EXERCISE REQUIREMENTS: Return all lines in the data where the string "remote" can be found.

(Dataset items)
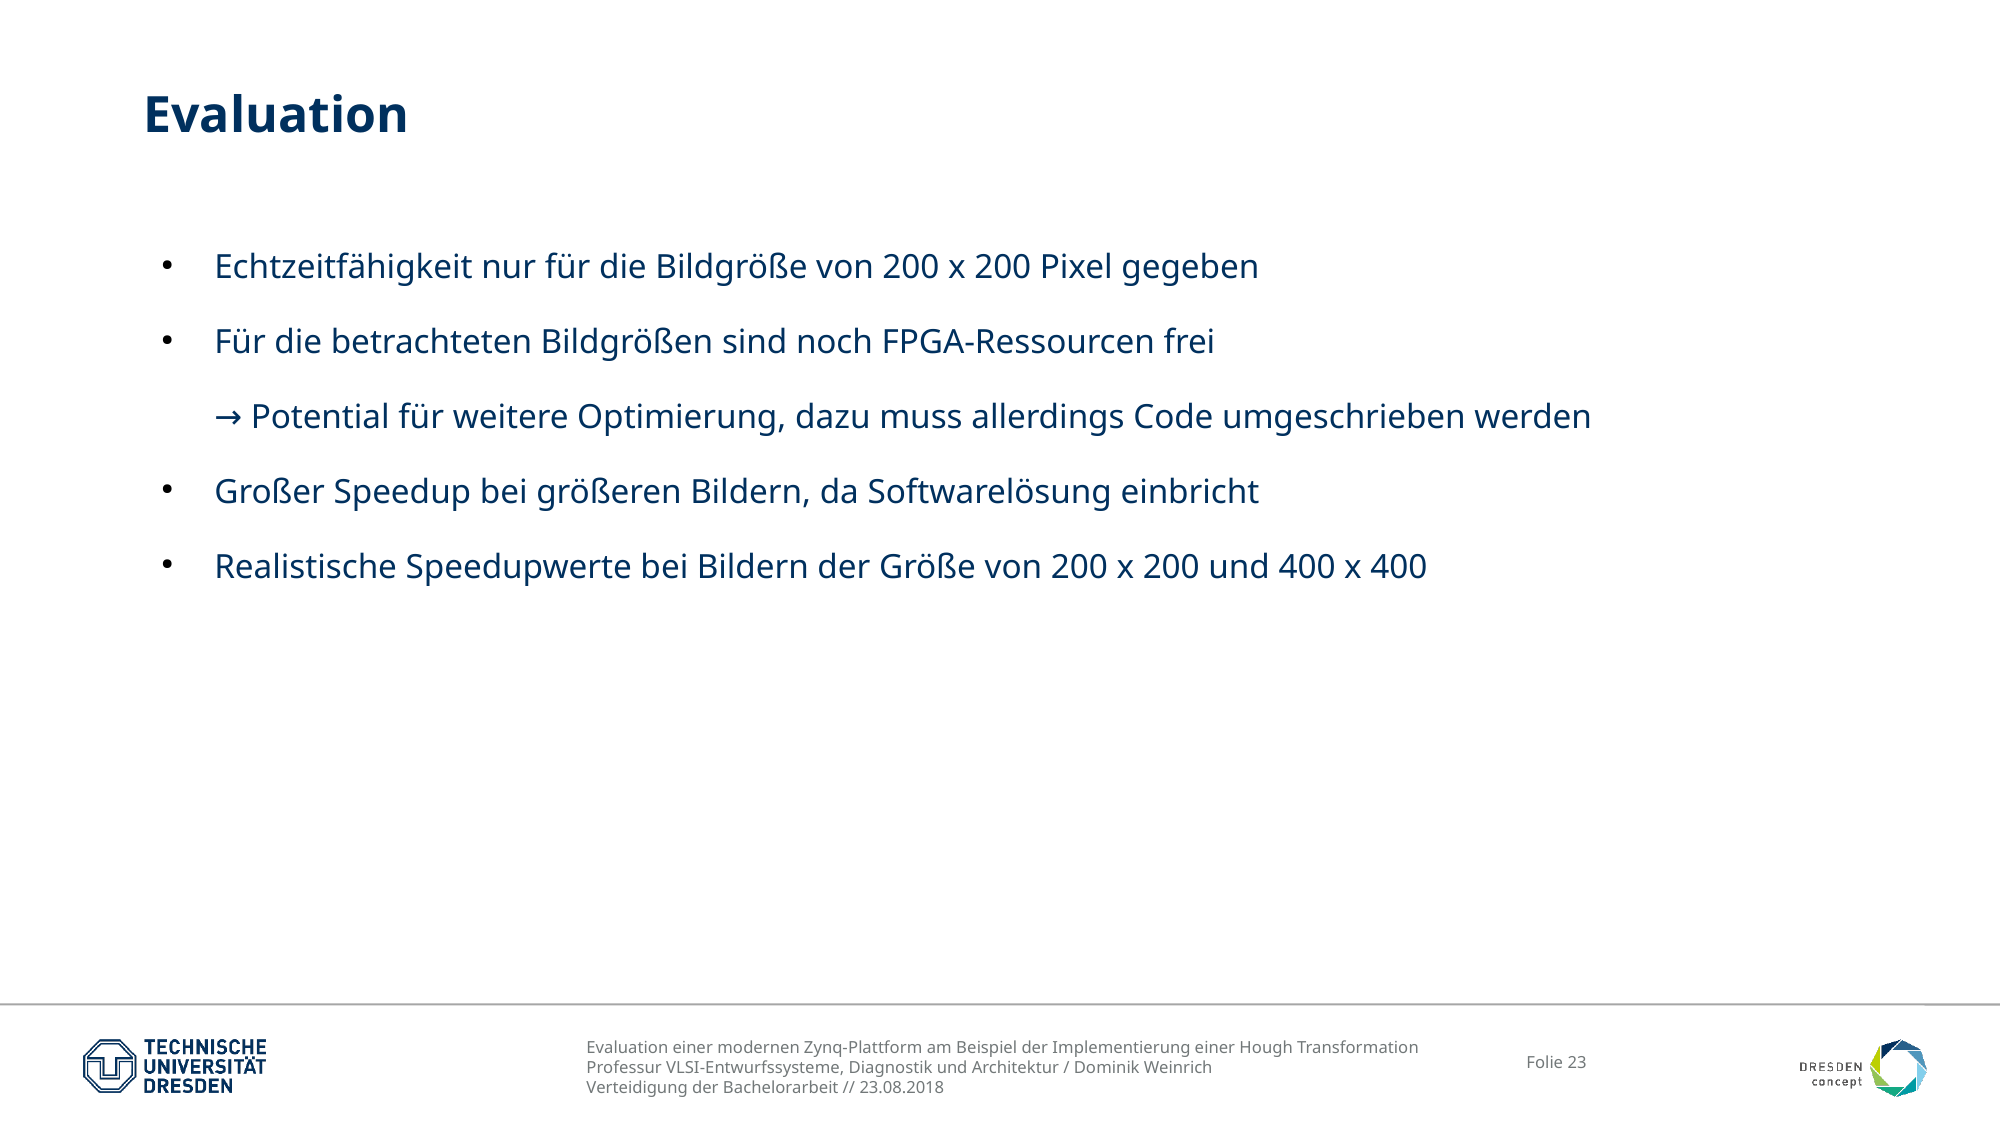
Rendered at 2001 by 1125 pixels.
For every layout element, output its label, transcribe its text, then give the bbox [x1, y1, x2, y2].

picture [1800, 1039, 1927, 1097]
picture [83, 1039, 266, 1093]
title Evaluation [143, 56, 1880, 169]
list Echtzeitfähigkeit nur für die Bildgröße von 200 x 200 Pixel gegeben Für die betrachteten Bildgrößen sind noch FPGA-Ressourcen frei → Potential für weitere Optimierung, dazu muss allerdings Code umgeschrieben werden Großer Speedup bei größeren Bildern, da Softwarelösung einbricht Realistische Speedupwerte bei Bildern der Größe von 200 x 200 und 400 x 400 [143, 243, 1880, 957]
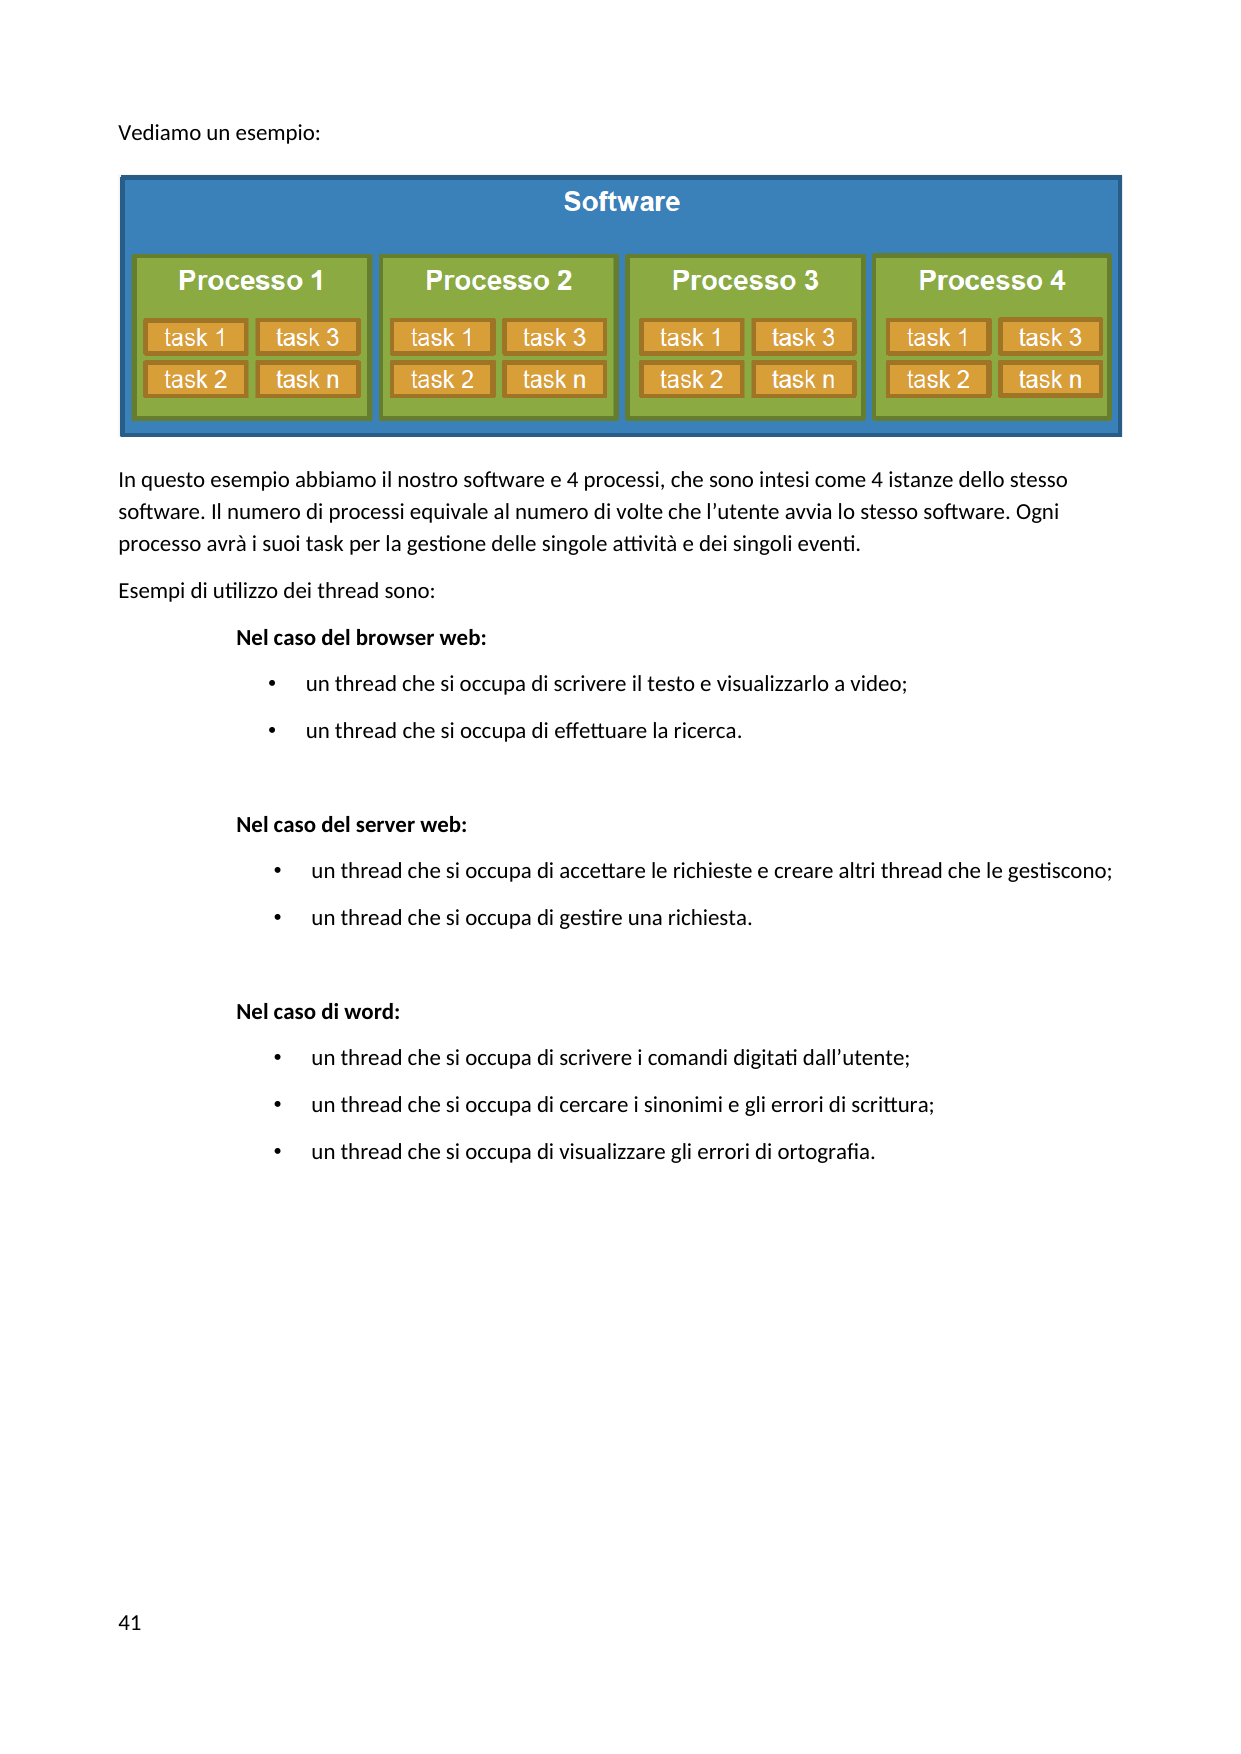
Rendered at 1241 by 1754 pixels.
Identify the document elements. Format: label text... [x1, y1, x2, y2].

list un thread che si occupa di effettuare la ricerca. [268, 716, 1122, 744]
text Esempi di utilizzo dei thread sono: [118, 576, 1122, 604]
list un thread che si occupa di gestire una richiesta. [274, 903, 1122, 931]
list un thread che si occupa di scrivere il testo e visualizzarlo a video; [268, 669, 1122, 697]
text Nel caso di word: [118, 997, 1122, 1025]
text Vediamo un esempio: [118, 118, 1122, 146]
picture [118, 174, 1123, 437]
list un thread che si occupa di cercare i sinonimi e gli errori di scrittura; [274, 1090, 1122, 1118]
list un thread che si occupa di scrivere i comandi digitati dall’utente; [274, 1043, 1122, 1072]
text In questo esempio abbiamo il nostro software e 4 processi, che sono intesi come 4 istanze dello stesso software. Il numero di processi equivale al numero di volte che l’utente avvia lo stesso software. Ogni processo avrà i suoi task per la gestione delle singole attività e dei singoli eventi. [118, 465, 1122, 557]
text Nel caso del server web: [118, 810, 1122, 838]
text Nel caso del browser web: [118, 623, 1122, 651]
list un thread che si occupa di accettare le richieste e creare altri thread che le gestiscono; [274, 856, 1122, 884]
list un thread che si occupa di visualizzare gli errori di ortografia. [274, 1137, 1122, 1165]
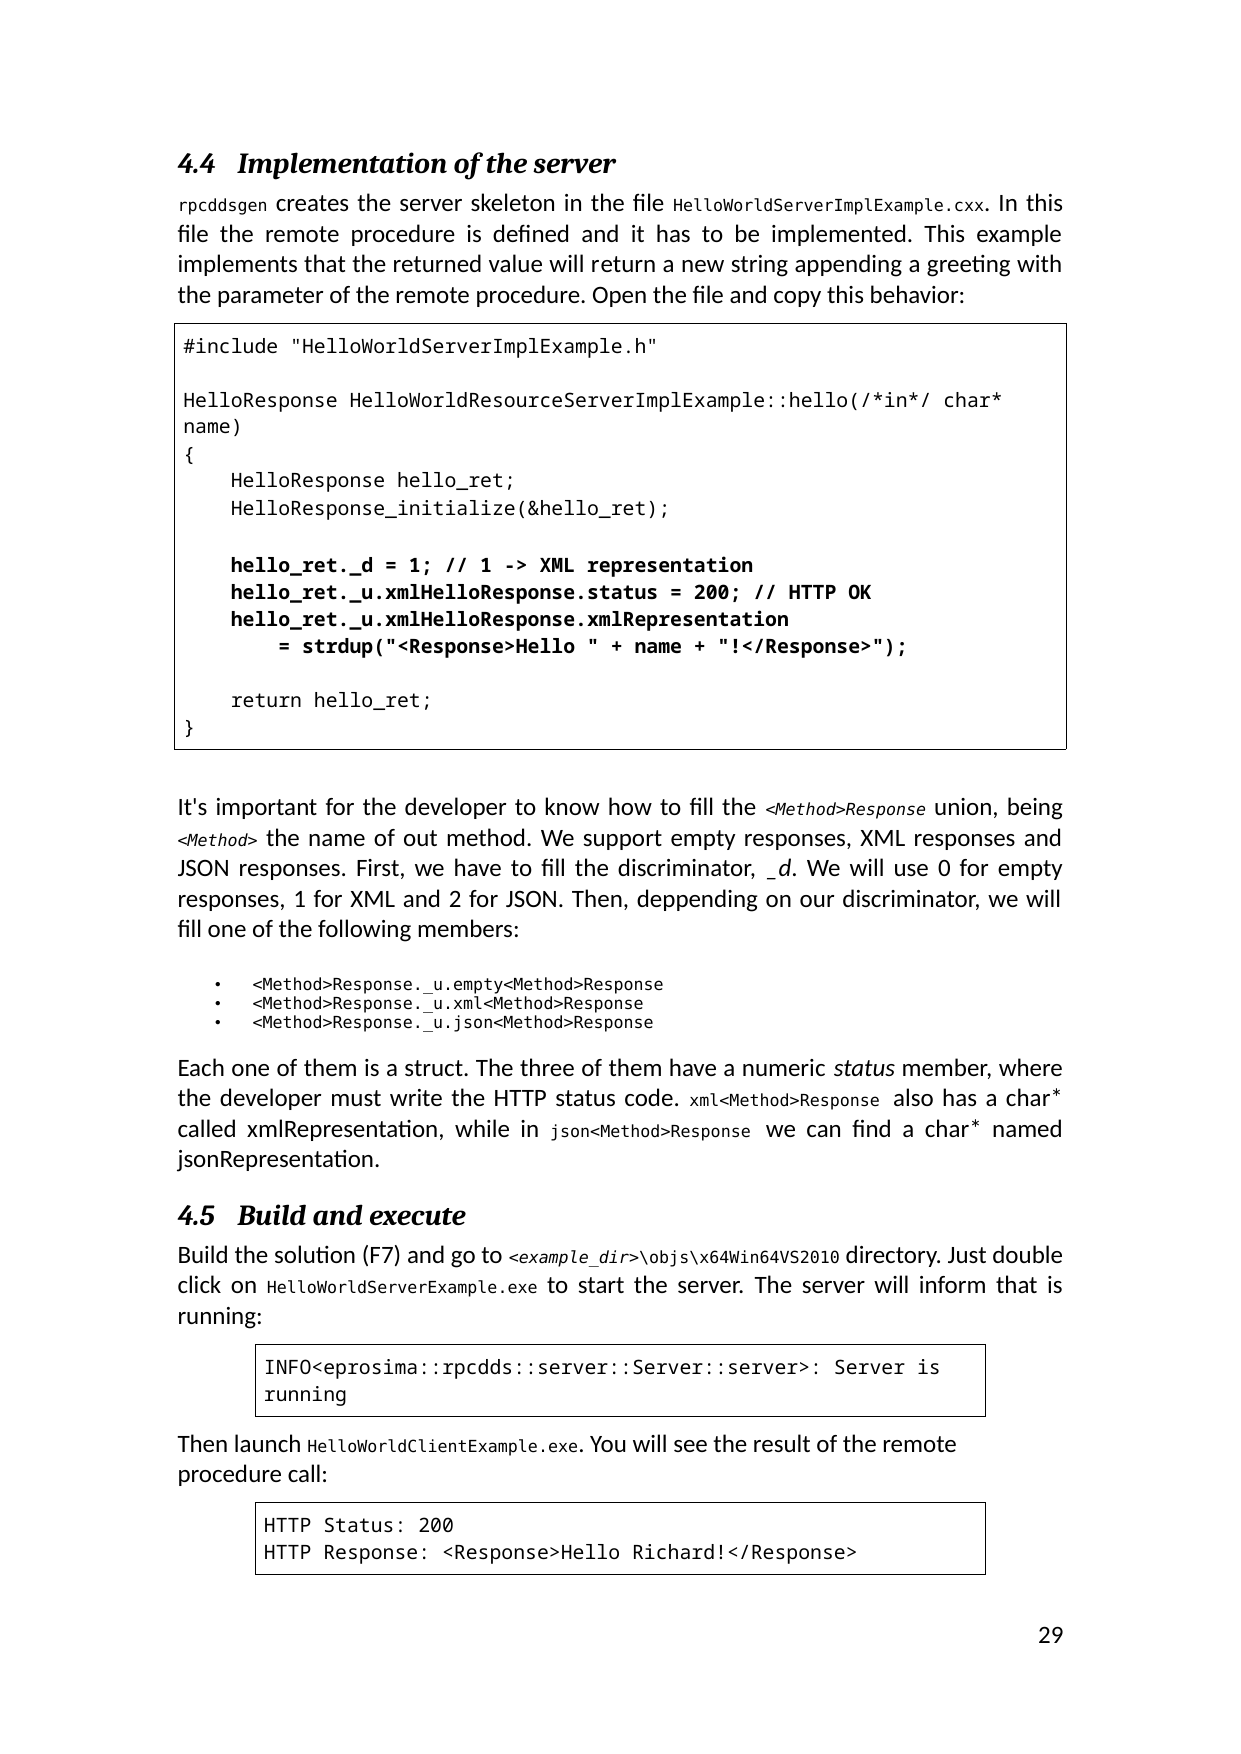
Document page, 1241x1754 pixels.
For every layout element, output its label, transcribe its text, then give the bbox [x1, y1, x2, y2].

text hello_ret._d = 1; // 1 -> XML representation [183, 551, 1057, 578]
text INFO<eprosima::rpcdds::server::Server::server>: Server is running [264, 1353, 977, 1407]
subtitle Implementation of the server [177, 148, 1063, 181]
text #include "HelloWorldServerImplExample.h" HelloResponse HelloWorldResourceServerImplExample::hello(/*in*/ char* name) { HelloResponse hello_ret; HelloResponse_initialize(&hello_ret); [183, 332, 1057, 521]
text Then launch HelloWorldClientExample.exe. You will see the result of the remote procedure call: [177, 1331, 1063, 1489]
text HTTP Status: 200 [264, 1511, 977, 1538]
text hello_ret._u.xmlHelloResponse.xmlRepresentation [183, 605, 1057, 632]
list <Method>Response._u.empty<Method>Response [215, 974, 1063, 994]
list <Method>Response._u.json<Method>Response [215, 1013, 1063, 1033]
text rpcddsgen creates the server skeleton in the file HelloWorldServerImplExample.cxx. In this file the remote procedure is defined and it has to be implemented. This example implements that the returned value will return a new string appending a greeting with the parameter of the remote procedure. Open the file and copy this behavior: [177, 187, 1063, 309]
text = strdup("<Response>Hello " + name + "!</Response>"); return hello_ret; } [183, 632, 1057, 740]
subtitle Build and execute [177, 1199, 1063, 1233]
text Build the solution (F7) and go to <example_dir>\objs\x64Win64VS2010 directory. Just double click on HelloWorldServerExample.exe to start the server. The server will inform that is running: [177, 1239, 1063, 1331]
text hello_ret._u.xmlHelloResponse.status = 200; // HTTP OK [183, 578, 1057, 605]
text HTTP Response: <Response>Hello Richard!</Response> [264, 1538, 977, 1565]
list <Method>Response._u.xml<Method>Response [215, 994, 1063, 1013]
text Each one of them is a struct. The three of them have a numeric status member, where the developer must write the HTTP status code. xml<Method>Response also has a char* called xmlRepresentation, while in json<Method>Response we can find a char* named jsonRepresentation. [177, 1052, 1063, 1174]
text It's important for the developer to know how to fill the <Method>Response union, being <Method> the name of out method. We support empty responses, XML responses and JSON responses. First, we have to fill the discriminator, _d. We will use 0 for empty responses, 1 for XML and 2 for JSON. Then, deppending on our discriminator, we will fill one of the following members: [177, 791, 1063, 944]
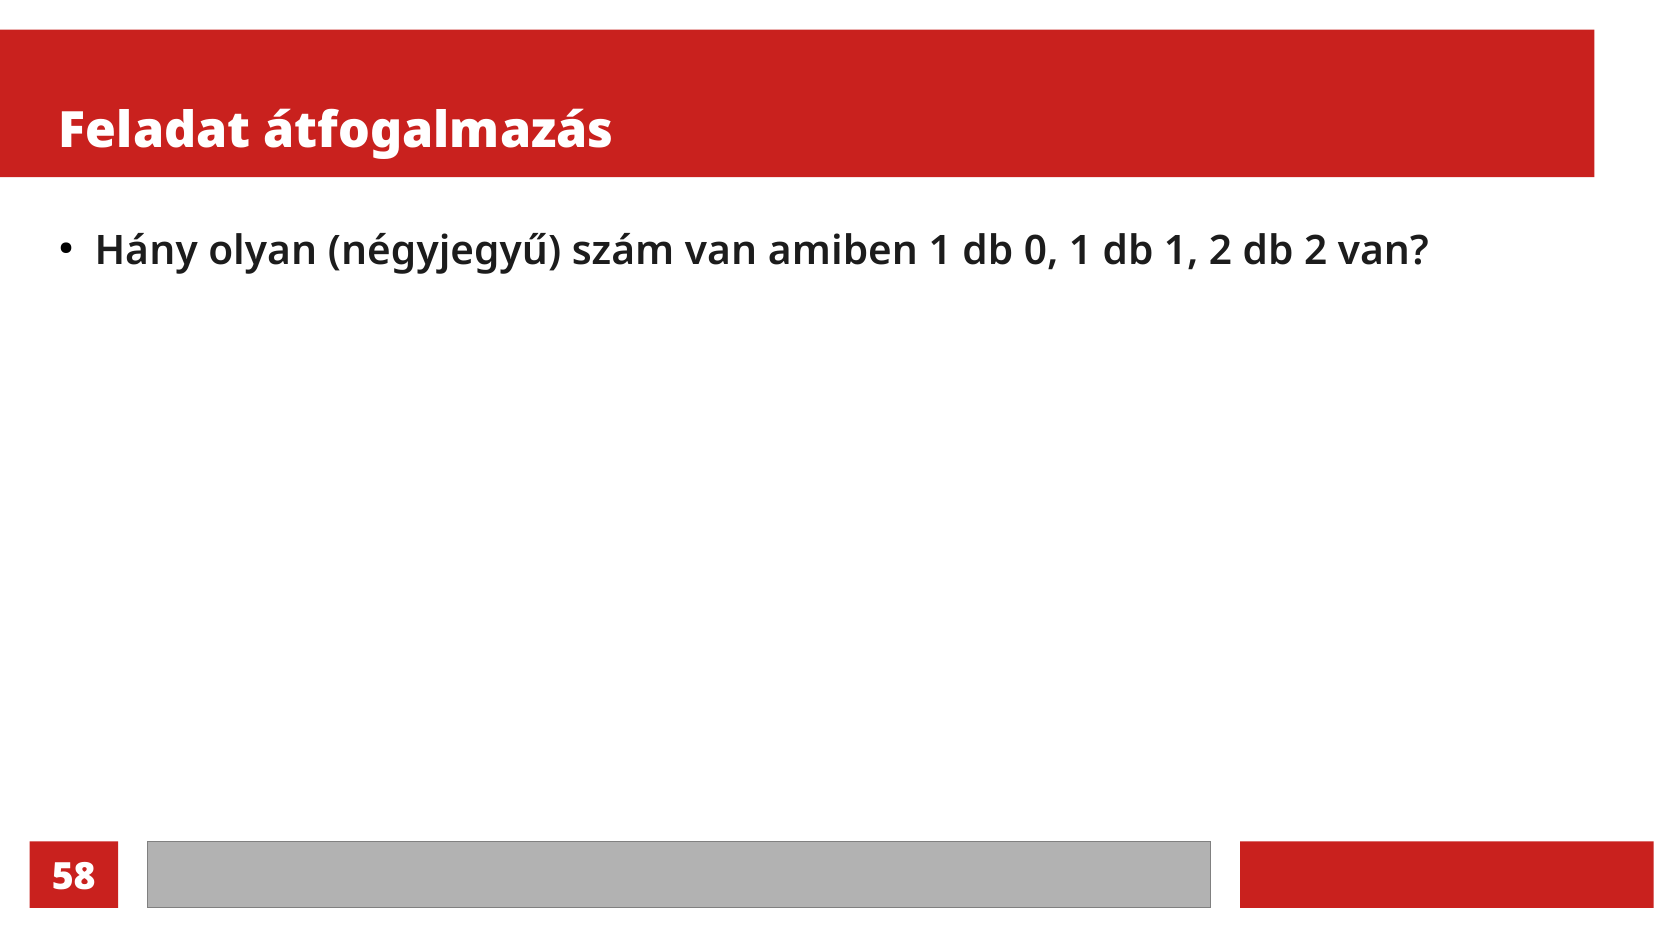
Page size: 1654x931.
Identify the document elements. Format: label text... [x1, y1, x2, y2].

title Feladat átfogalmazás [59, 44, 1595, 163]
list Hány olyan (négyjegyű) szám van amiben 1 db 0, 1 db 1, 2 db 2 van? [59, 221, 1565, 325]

WRITTEN ANSWER:
text Then launch HelloWorldClientExample.exe. You will see the result of the remote procedure call: [177, 1331, 1063, 1489]
text rpcddsgen creates the server skeleton in the file HelloWorldServerImplExample.cxx. In this file the remote procedure is defined and it has to be implemented. This example implements that the returned value will return a new string appending a greeting with the parameter of the remote procedure. Open the file and copy this behavior: [177, 187, 1063, 309]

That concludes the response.